Have been with the same employer since 1996


----------



## Fullback (15 Nov 2010)

This seems strange. If you are genuinely seeking work and can prove it, I don't see why you can't qualify. It's hard to figure out what's going on.

What exactly did you give them as proof of job search?

Were you offered more days at work than just the two, and turned down the extra days?

Have they told you what exactly they dispute or if they don't accept some of your evidence?

I think you should ask for it to be reviewed again (an appeal will take over 7 month). Maybe write to the local social welfare manager and (politely) ask what exactly they dispute and how you haven't fulfilled the job search requirements.


----------



## torres1892 (16 Nov 2010)

hi fullback, thanks for the reply,
i rang the sw office today and got to speak to the deciding officer only to b told my claim had been declined and had been reffered to dublin and i will be waiting months and months and months for a reply she could do nothing else and hung up the phone.
what is annoying me so much is thet i work in a golf club and and the reason i was put on 2 days is because off the bad weather we wiil be getting and the short days now with lack of light,come march i will be back in full time employment again once the fine weather starts coming back in and the longer days. i have been putting in for jobs but have not got 1 reply yet,i have been working for the same employer for the last 15 years and its not that easy just too pack up my job and get another one so easily,i have been paying my prsi year i year out what is there problem?


----------



## torres1892 (16 Nov 2010)

hi fullback, thanks for the reply,
i rang the sw office and got to speak to the deciding officer only to b told my claim had been declined and had been reffered to dublin and i will be waiting months and months and months for a reply she could do nothing else and hung up the phone.
what is annoying me so much is thet i work in a golf club and and the reason i was put on 2 days is because off the bad weather we wiil be getting and the short days now with lack of light,come march i will be back in full time employment again once the fine weather starts coming back in and the longer days. i have been putting in for jobs but have not got 1 reply yet,i have been working for the same employer for the last 15 years and its not that easy just too pack up my job and get another one so easily,i have been paying my prsi year i year out what is there problem?


----------



## Fullback (16 Nov 2010)

It seems like the problem is that you had no actual physical proof of a job search. Is there any way you could ask some of the employers concerned to acknowledge your application in writing confirming the date you applied?

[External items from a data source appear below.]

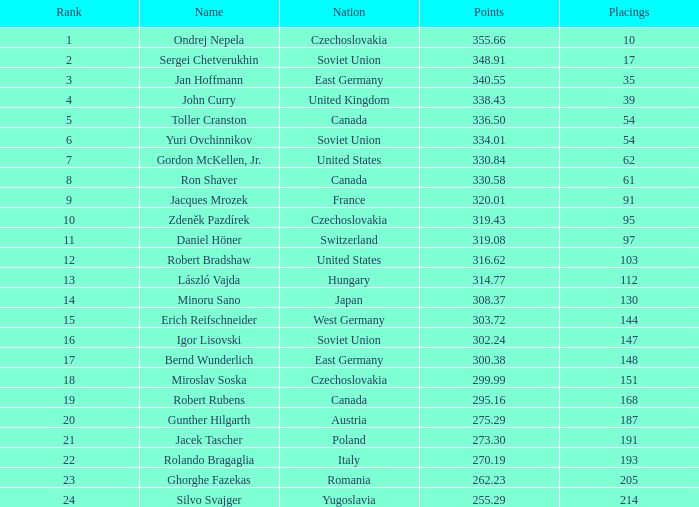72? None. 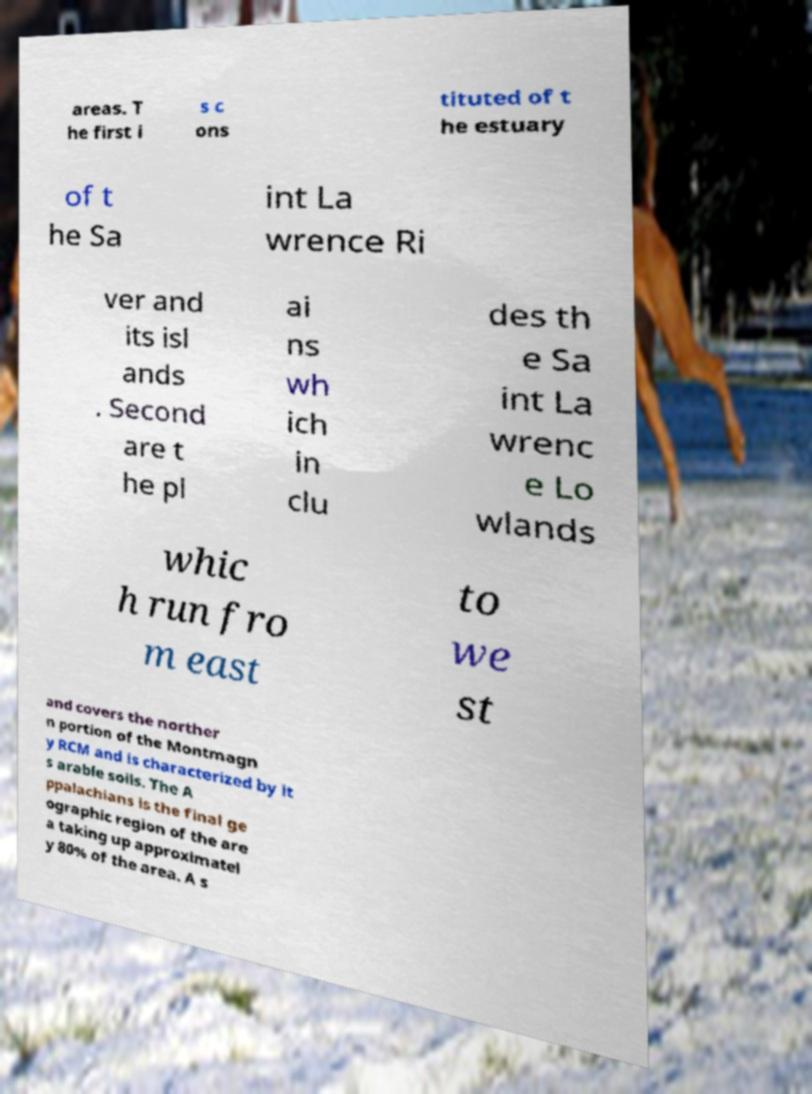I need the written content from this picture converted into text. Can you do that? areas. T he first i s c ons tituted of t he estuary of t he Sa int La wrence Ri ver and its isl ands . Second are t he pl ai ns wh ich in clu des th e Sa int La wrenc e Lo wlands whic h run fro m east to we st and covers the norther n portion of the Montmagn y RCM and is characterized by it s arable soils. The A ppalachians is the final ge ographic region of the are a taking up approximatel y 80% of the area. A s 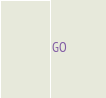Convert code to text. <code><loc_0><loc_0><loc_500><loc_500><_SQL_>GO</code> 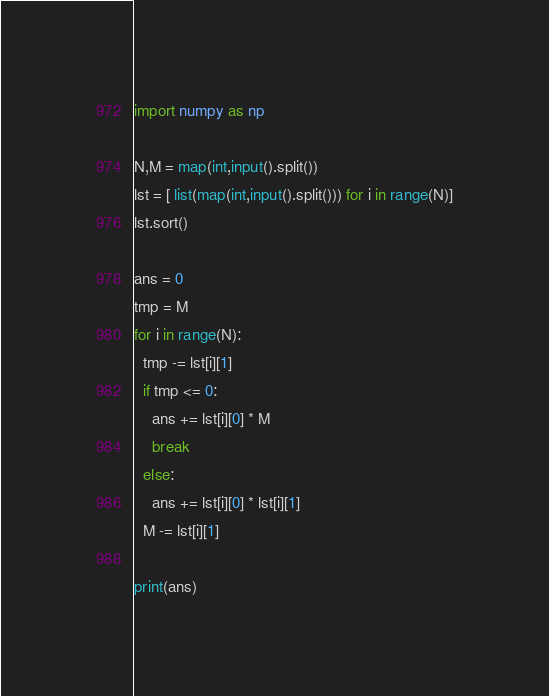Convert code to text. <code><loc_0><loc_0><loc_500><loc_500><_Python_>import numpy as np

N,M = map(int,input().split())
lst = [ list(map(int,input().split())) for i in range(N)]
lst.sort()

ans = 0
tmp = M
for i in range(N):
  tmp -= lst[i][1]
  if tmp <= 0:
    ans += lst[i][0] * M
    break
  else:
    ans += lst[i][0] * lst[i][1]
  M -= lst[i][1]

print(ans)</code> 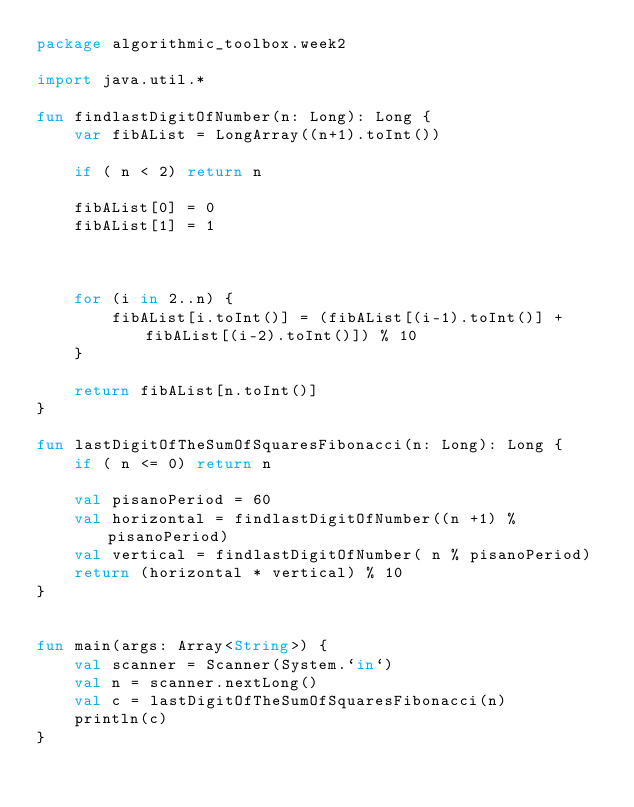<code> <loc_0><loc_0><loc_500><loc_500><_Kotlin_>package algorithmic_toolbox.week2

import java.util.*

fun findlastDigitOfNumber(n: Long): Long {
    var fibAList = LongArray((n+1).toInt())

    if ( n < 2) return n

    fibAList[0] = 0
    fibAList[1] = 1



    for (i in 2..n) {
        fibAList[i.toInt()] = (fibAList[(i-1).toInt()] + fibAList[(i-2).toInt()]) % 10
    }

    return fibAList[n.toInt()]
}

fun lastDigitOfTheSumOfSquaresFibonacci(n: Long): Long {
    if ( n <= 0) return n

    val pisanoPeriod = 60
    val horizontal = findlastDigitOfNumber((n +1) % pisanoPeriod)
    val vertical = findlastDigitOfNumber( n % pisanoPeriod)
    return (horizontal * vertical) % 10
}


fun main(args: Array<String>) {
    val scanner = Scanner(System.`in`)
    val n = scanner.nextLong()
    val c = lastDigitOfTheSumOfSquaresFibonacci(n)
    println(c)
}
</code> 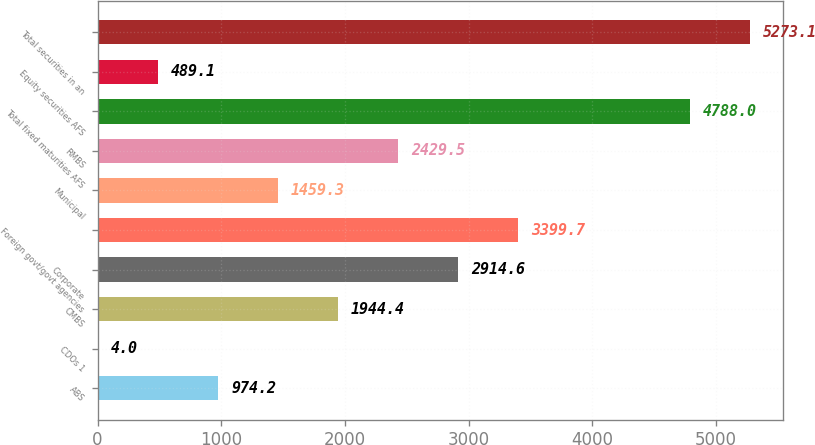Convert chart to OTSL. <chart><loc_0><loc_0><loc_500><loc_500><bar_chart><fcel>ABS<fcel>CDOs 1<fcel>CMBS<fcel>Corporate<fcel>Foreign govt/govt agencies<fcel>Municipal<fcel>RMBS<fcel>Total fixed maturities AFS<fcel>Equity securities AFS<fcel>Total securities in an<nl><fcel>974.2<fcel>4<fcel>1944.4<fcel>2914.6<fcel>3399.7<fcel>1459.3<fcel>2429.5<fcel>4788<fcel>489.1<fcel>5273.1<nl></chart> 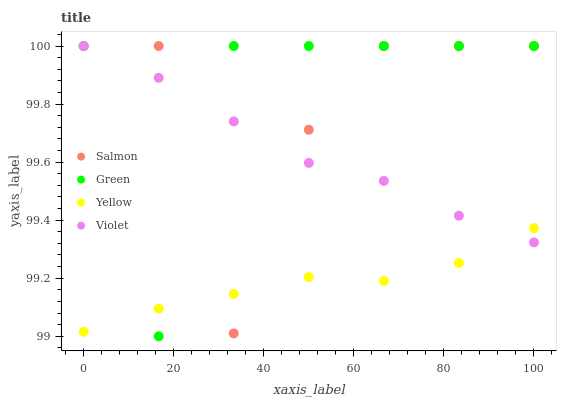Does Yellow have the minimum area under the curve?
Answer yes or no. Yes. Does Green have the maximum area under the curve?
Answer yes or no. Yes. Does Salmon have the minimum area under the curve?
Answer yes or no. No. Does Salmon have the maximum area under the curve?
Answer yes or no. No. Is Violet the smoothest?
Answer yes or no. Yes. Is Salmon the roughest?
Answer yes or no. Yes. Is Yellow the smoothest?
Answer yes or no. No. Is Yellow the roughest?
Answer yes or no. No. Does Green have the lowest value?
Answer yes or no. Yes. Does Salmon have the lowest value?
Answer yes or no. No. Does Violet have the highest value?
Answer yes or no. Yes. Does Yellow have the highest value?
Answer yes or no. No. Does Yellow intersect Violet?
Answer yes or no. Yes. Is Yellow less than Violet?
Answer yes or no. No. Is Yellow greater than Violet?
Answer yes or no. No.

You can read more on how you can satisfy the "genuinely seeking work" criteria here. There is a section specifically on it. It details the kind of actions expected of someone searching for work and might be helpful in knowing what boxes they want ticked

http://www.welfare.ie/EN/OperationalGuidelines/Pages/jb_jobseekben.aspx#gsw

I could be wrong but the Dublin thing seems like a reference to the Social Welfare Appeals Office? There is really no point waiting for 7 months for a decision from them.

Again, if you made genuine attempts to find employment, I wouldn't give up on this. You just need to give them more evidence of what you did.


----------



## Welfarite (27 Nov 2010)

It is strange that this has happened considering that you are working shiort-time involuntarily. It is very rare that a person in your situation would be refused in thsi eway. Could you have inadvertantly answered that you were only available for part-time work? Was the evidence you produced for full-tiem work? Whatever, you have no choice now but to go through the appeals process as the decision has been made and can only be changed in the light of new evidence.


----------